Last night as a fan I watched the last finale of David Letterman's epic comedy Late Night show which has been running for 33 years. Going to miss such a funny guy. What an accomplishment for the distinguished comedian. He and Carson are my favorites of all time. Some of you may have known that Letterman has tinnitus for ages. In this show clip of a much younger Letterman and William Shatner in 1996, he told his audience he has 2-toned T 7/24 and getting worse. But he joked that his 2-toned T is like the Emergency Broadcast System on test mode every minute of the day, and asked his audience to have some sympathy for him. LOL. I had a great laugh watching the show the first time. It was done with some sense of humor due to the nature of the show. Of course, we know Shatner was suffering badly at first and he said he was suicidal. Letterman never talked much about his suffering from T, but through his continuing the show for 33 years, he just shows me with his example that life can be lived normally and productively even with T 7/24. I don't try to minimize other people's T with Letterman's example. Each person will have to find something to not let T rule or ruin his/her life. We have many such examples from those success stories on TT. If you haven't watched the show of Letterman and Shatner talking about their T, here it is. Hope you can extract some spirit of positivity from these two gentlemen and I include it here on the Positivity Thread as our way of honoring this great comedian who has the same T affliction as us.
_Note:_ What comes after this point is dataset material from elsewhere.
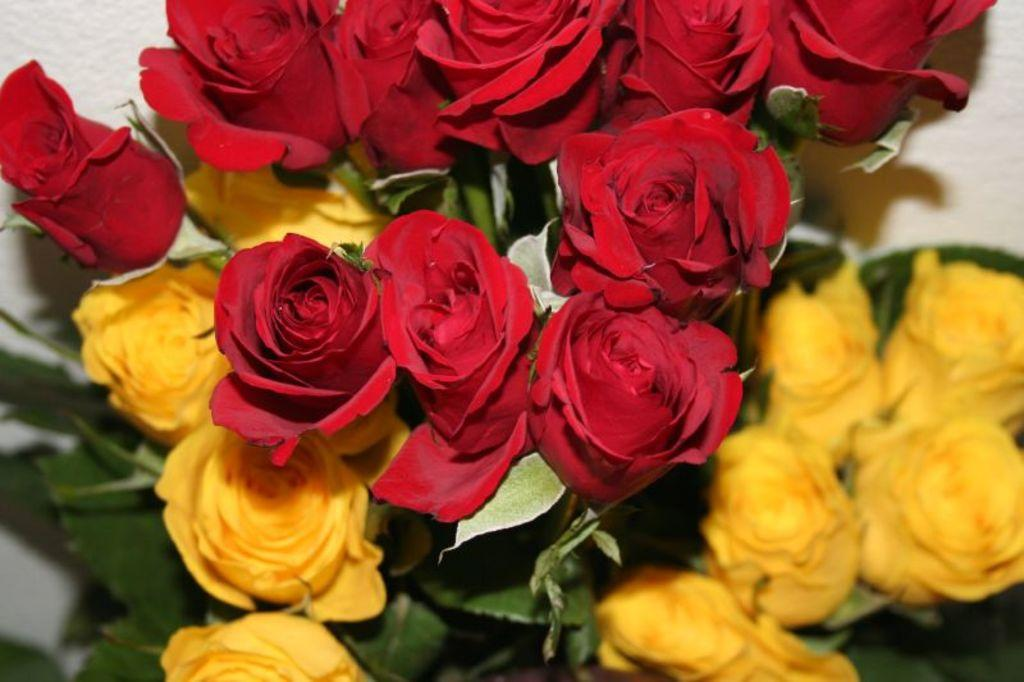What is the main subject of the image? The main subject of the image is a group of people sitting around a table. What are the people doing in the image? The people are having a meal together. Can you describe the setting of the image? The people are sitting around a table, which suggests they are in a dining area or at a gathering. What might be on the table besides the people? There may be plates, utensils, and food on the table, as they are having a meal together. What type of tiger can be seen drinking soda from a jar in the image? There is no tiger, soda, or jar present in the image.

Now if only he picks up the torch from Shatner and be the next spokesperson for ATA in his retirement (LOL):

Letterman & Shatner talk show:

https://www.youtube.com/watch?v=yCdx8aueK9I
 
Hey guys! Fellow T sufferer here. I've nit seen any positivity posts in while so i'm starting one. Feel free to tell how were you able to live with T and the people who helped you lived with it, in my case my friends were a big help. Also you may goof, around tell about yourself, what do you do in your vacant time to distract oneself from T. Hope this helps others that are anxious and I want to spread that there is hope and empower those who are in need of help especially those who are anxious about this.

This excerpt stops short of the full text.